╭─ EXERCISE INPUT

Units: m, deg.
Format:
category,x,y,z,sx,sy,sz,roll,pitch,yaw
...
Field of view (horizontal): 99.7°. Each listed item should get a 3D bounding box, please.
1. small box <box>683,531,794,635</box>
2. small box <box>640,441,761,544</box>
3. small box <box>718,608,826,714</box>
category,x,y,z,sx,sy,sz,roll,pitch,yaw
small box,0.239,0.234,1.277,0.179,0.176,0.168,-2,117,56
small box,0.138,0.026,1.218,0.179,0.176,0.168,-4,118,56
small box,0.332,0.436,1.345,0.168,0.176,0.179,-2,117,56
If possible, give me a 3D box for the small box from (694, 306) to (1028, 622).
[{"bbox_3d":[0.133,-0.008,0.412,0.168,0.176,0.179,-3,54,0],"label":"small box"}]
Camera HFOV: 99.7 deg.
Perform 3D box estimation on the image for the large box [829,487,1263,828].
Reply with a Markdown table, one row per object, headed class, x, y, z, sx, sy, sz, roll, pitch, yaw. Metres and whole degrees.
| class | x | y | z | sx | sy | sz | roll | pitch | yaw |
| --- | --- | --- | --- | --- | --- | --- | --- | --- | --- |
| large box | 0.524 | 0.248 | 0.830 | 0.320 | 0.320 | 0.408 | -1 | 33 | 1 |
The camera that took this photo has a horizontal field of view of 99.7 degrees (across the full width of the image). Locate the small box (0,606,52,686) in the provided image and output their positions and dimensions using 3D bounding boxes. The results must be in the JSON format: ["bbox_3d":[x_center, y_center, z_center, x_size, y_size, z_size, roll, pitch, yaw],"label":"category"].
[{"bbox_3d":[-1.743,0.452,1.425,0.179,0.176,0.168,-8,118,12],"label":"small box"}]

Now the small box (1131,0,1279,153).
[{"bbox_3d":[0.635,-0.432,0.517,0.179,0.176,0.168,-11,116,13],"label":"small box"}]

╰─

WHAT THE TASK ASKS -
Return the whole listing exactly, with every line included.

RESULT BELOW -
Units: m, deg.
Format:
category,x,y,z,sx,sy,sz,roll,pitch,yaw
...
Field of view (horizontal): 99.7°. Each listed item should get a 3D bounding box, please.
1. small box <box>683,531,794,635</box>
2. small box <box>640,441,761,544</box>
3. small box <box>718,608,826,714</box>
category,x,y,z,sx,sy,sz,roll,pitch,yaw
small box,0.239,0.234,1.277,0.179,0.176,0.168,-2,117,56
small box,0.138,0.026,1.218,0.179,0.176,0.168,-4,118,56
small box,0.332,0.436,1.345,0.168,0.176,0.179,-2,117,56
If possible, give me a 3D box for the small box from (694, 306) to (1028, 622).
[{"bbox_3d":[0.133,-0.008,0.412,0.168,0.176,0.179,-3,54,0],"label":"small box"}]
Camera HFOV: 99.7 deg.
Perform 3D box estimation on the image for the large box [829,487,1263,828].
Reply with a Markdown table, one row per object, headed class, x, y, z, sx, sy, sz, roll, pitch, yaw. Metres and whole degrees.
| class | x | y | z | sx | sy | sz | roll | pitch | yaw |
| --- | --- | --- | --- | --- | --- | --- | --- | --- | --- |
| large box | 0.524 | 0.248 | 0.830 | 0.320 | 0.320 | 0.408 | -1 | 33 | 1 |
The camera that took this photo has a horizontal field of view of 99.7 degrees (across the full width of the image). Locate the small box (0,606,52,686) in the provided image and output their positions and dimensions using 3D bounding boxes. The results must be in the JSON format: ["bbox_3d":[x_center, y_center, z_center, x_size, y_size, z_size, roll, pitch, yaw],"label":"category"].
[{"bbox_3d":[-1.743,0.452,1.425,0.179,0.176,0.168,-8,118,12],"label":"small box"}]

Now the small box (1131,0,1279,153).
[{"bbox_3d":[0.635,-0.432,0.517,0.179,0.176,0.168,-11,116,13],"label":"small box"}]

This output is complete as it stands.